**ACTIVITY:**
Exact copy, pictures excluded: the lines from the one containing "This screenshot has" to the end of the listing.

**GIVEN DATA:**
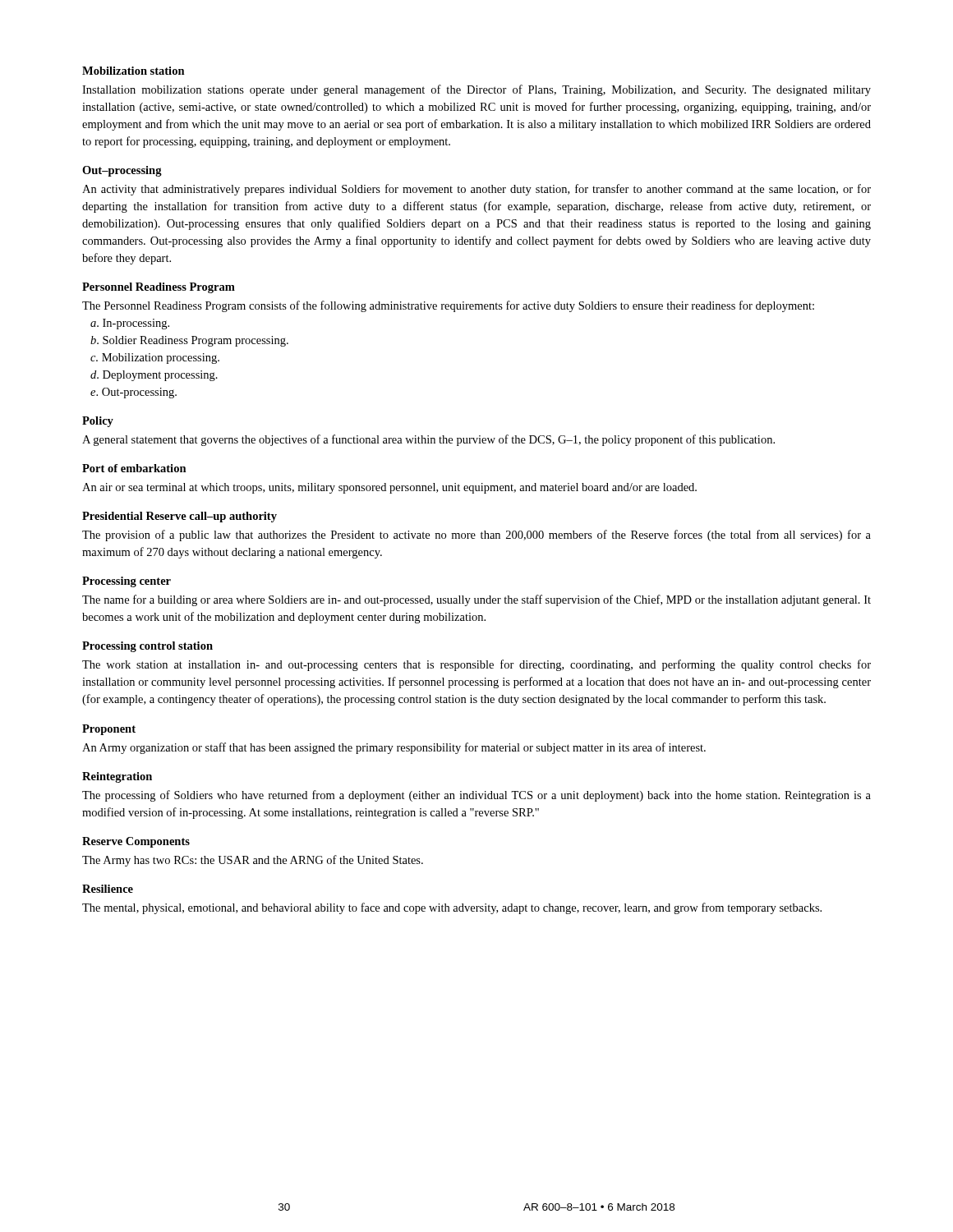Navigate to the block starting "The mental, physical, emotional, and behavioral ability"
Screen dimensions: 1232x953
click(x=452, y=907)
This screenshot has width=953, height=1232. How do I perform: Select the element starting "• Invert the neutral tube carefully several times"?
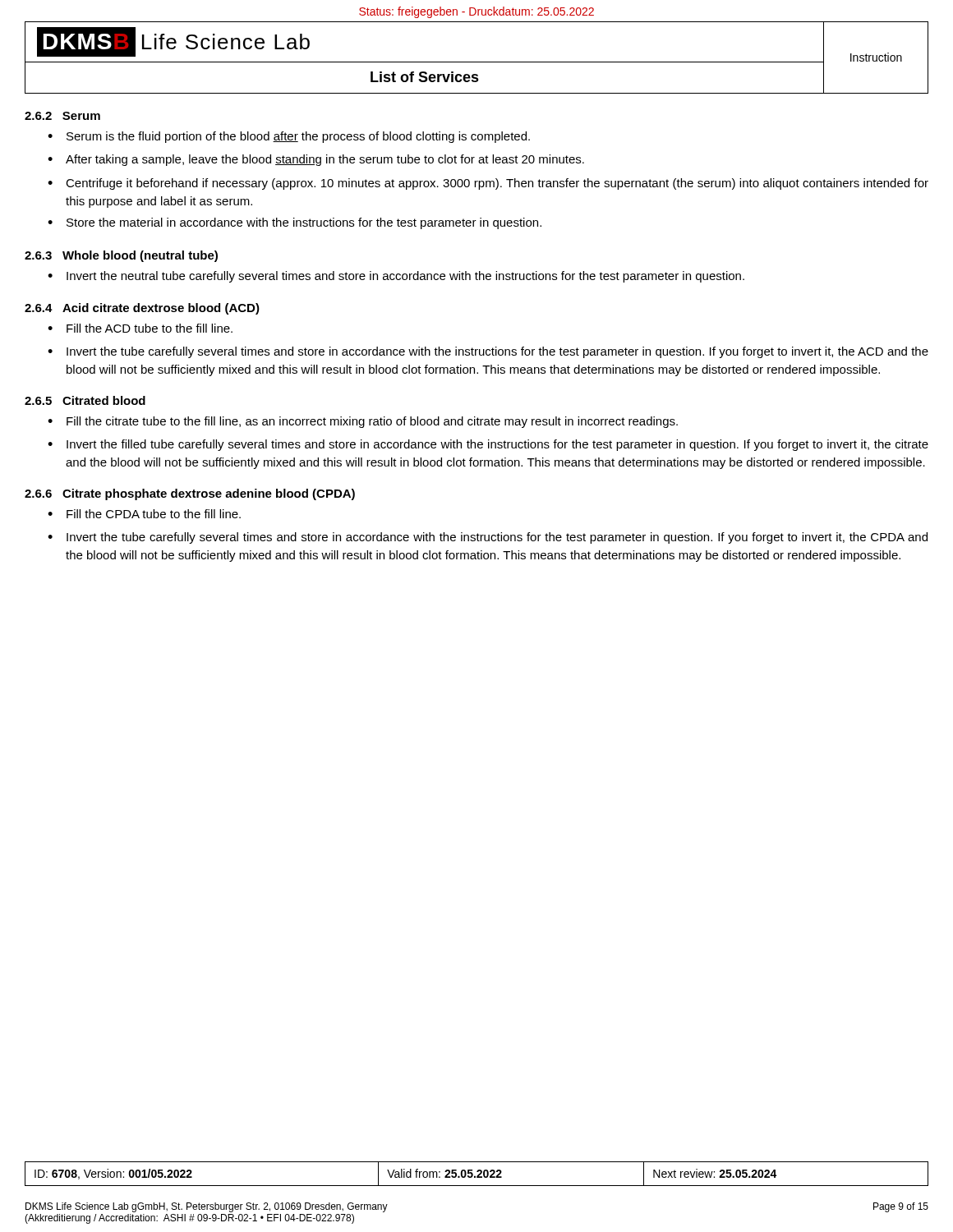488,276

**EXPECTED OUTPUT:**
This screenshot has width=953, height=1232. How do I perform: Select the element starting "• Invert the neutral tube carefully several times"?
488,276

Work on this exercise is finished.